Black Hat Vorschau

Javascript-Attacken auf DSL-Router

Neue Angriffsmethoden vereinfachen die Manipulation gängiger DSL-Router. Per Javascript kann eine aufgerufene Web-Seite durch den Browser von innen auf den Router zugreifen und soll sogar den Passwortschutz umgehen können. Diese neue Variante eines bekanntes Szenarios wollen Sicherheitsforscher auf der Black-Hat-Konferenz demonstrieren.

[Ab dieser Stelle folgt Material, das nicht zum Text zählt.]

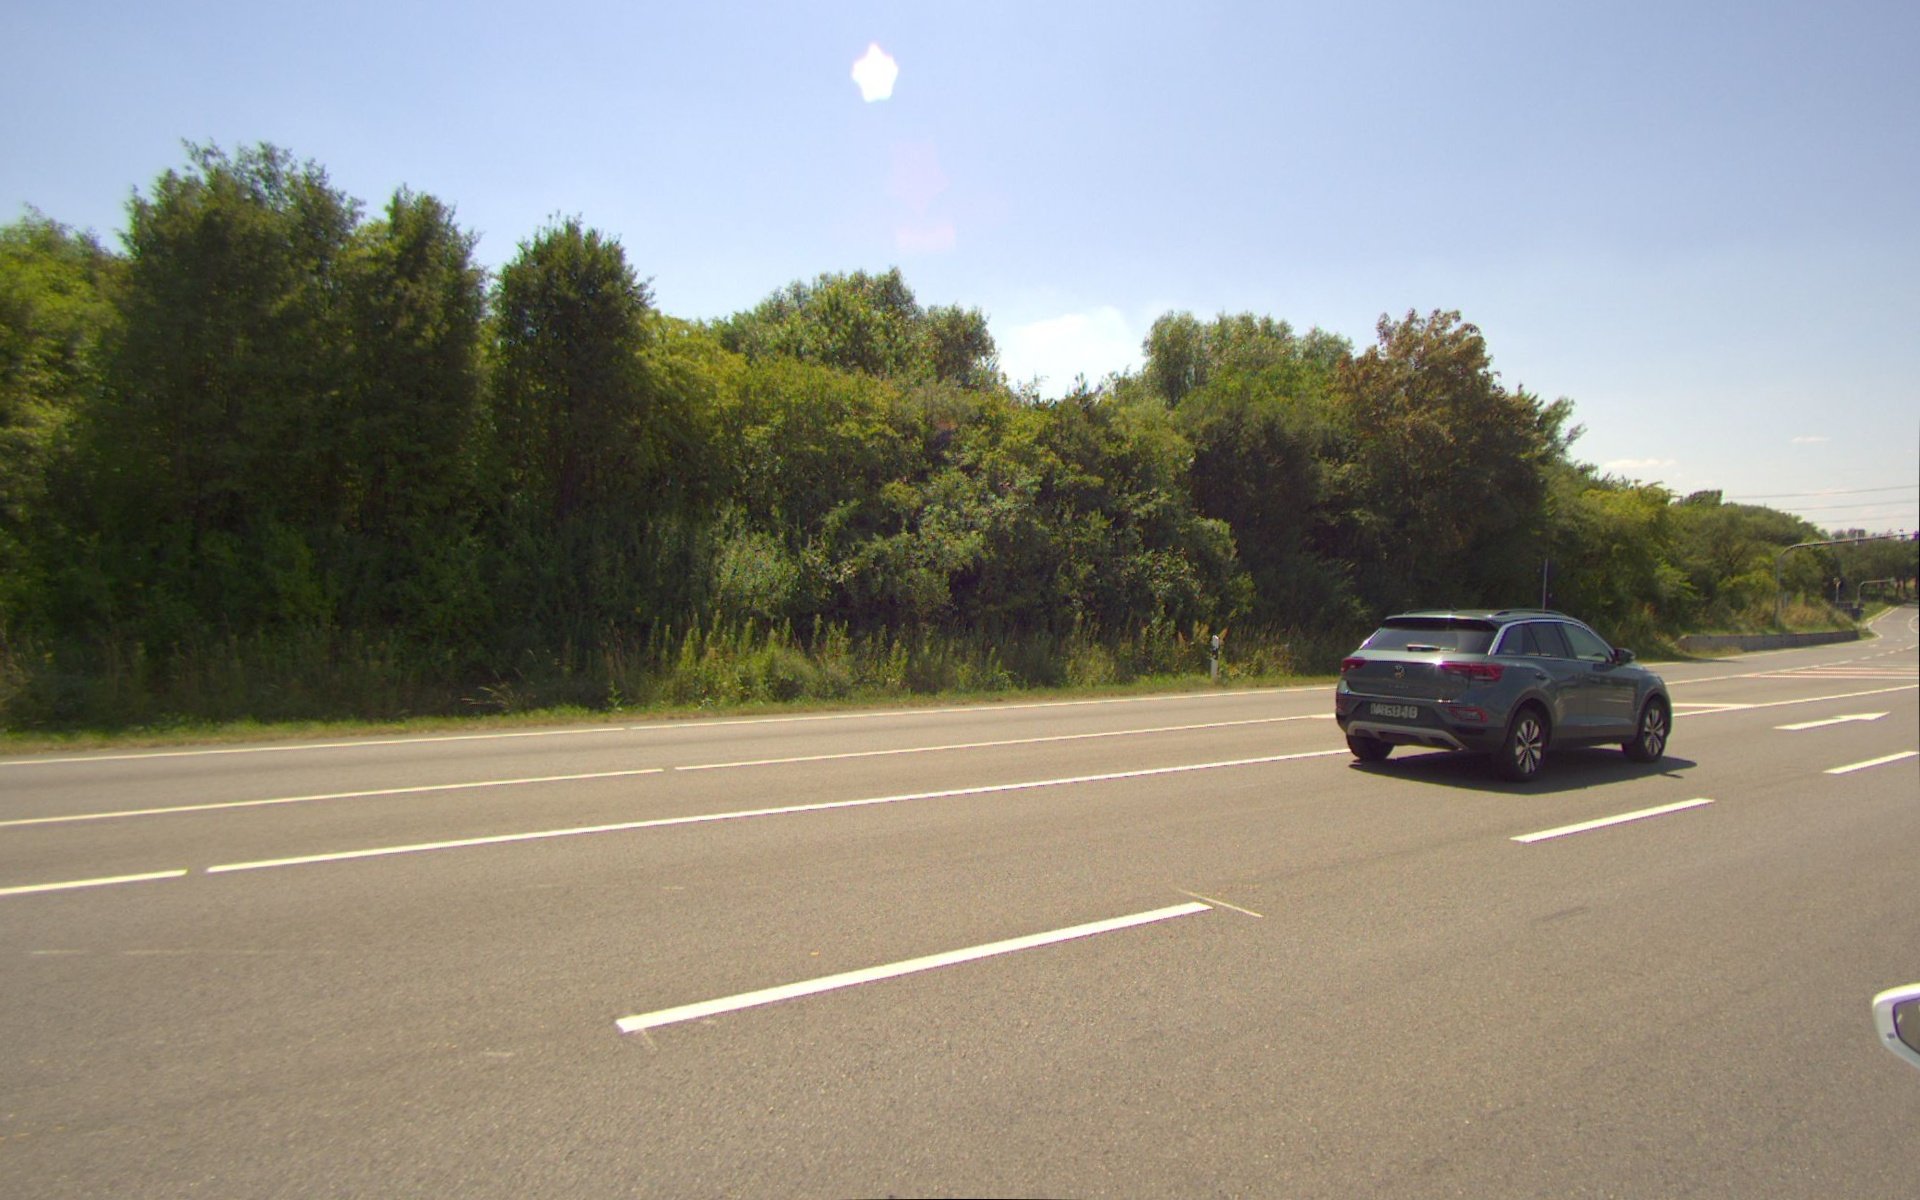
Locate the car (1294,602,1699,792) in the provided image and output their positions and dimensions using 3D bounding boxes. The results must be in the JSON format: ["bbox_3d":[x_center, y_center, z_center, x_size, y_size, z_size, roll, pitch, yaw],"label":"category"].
[{"bbox_3d":[5.668,0.859,10.463,4.342,1.607,1.824,1,0,-32],"label":"car"}]

Javascript-Attacken auf DSL-Router

© Hersteller

Javascript-Attacken auf DSL-Router

Die diesjährige Ausgabe der Sicherheitskonferenz Black Hat USA beginnt am 21. Juli und findet wie üblich in Las Vegas statt. Unter den Vortragenden werden auch Phil Purviance und Joshua Brashars sein, Sicherheitsforscher bei AppSec Consulting. In ihrem Vortrag "Blended Threats and JavaScript: A Plan for Permanent Network Compromise" wollen sie ein bereits 2006 an gleicher Stelle präsentiertes Problem aufgreifen. Damals berichteten Jeremiah Grossman und Robert Hansen über Möglichkeiten Router von außen zu manipulieren, indem man den Zugriff als von innen kommend tarnt. Sie haben ihre damalige, als CSRF-Angriff (Cross-Site Request Forgery) bekannte Methode nicht weiterentwickelt, andere hingegen schon. Ist bislang noch ein gerütteltes Maß an Social Engineering nötig, um den Benutzer zur Eingabe des Router-Passworts zu bewegen, wollen Purviance und Brashars nun zeigen, dass es auch ohne geht. Wie das funktionieren soll, bleibt einstweilen offen. Klar ist, dass der Router quasi von innerhalb des lokalen Netzwerks angegriffen wird, denn der Javascript-Code wird zwar von einer Web-Seite im Internet geladen, aber im Browser des Benutzers ausgeführt. Praktisch alle Router, die in privaten Haushalten und kleinen Firmen eingesetzt werden, verfügen über eine Web-basierte Oberfläche für die Konfiguration, die meist nur über die LAN-Schnittstellen des Geräts erreichbar ist. Die Forscher nutzen die neuen Möglichkeiten, die HTML 5 bietet, um eine Binärdatei, etwa einen Firmware-Patch, in den Router einzuschleusen.Damit wären der Router und das lokale Netzwerk kompromittiert - jegliche Anfrage, die ein Rechner ins Internet sendet, sowie jede Antwort darauf könnte durch den Router manipuliert werden. Grossman und Hansen haben nach eigenen Angaben seit 2006 auf die Browser-Hersteller eingeredet, um zu erreichen, dass Browser solche CSRF-Angriffe ausfiltern. Doch bislang hat sich auf diesem Gebiet nichts getan. Schutz bieten jedoch Browser-Erweiterungen wie Noscript für Firefox, das Javascript zunächst gänzlich blockiert, aber auch Schutzmaßnahmen gegen spezielle Angriffe wie XSS (Cross-Site Scripting) oder CSRF enthält.